◆ **DATA UNDER STUDY**:
--------------------------------

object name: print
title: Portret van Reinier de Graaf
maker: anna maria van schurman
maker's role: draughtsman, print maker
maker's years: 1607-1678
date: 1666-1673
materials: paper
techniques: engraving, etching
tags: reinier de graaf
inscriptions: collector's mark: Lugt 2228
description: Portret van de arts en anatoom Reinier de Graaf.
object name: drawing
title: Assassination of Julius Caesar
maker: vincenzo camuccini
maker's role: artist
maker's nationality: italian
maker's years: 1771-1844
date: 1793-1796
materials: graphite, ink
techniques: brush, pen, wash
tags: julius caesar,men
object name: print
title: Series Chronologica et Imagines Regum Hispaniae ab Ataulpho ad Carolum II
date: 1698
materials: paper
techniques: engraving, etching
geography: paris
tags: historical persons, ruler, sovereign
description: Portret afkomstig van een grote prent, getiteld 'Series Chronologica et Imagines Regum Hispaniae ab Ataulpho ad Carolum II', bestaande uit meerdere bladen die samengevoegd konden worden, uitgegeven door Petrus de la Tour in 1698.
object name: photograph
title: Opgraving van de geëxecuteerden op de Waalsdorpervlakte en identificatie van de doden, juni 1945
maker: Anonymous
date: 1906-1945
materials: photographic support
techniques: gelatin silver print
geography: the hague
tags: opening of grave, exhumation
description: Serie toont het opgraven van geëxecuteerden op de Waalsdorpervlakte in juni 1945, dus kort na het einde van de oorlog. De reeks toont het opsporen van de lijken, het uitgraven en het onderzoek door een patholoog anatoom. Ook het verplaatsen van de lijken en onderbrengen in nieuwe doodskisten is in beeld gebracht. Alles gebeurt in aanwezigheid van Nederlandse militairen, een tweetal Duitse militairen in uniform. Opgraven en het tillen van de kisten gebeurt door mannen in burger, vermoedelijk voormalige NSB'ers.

--------------------------------

◆ **TASK DIRECTIONS**: Look back at the entries above and repeat, unchanged, every line from the line holding "date: 1666-1673" through the line holding "title: Assassination of Julius Caesar".

◆ **RESULT OF THIS EXERCISE**:
date: 1666-1673
materials: paper
techniques: engraving, etching
tags: reinier de graaf
inscriptions: collector's mark: Lugt 2228
description: Portret van de arts en anatoom Reinier de Graaf.
object name: drawing
title: Assassination of Julius Caesar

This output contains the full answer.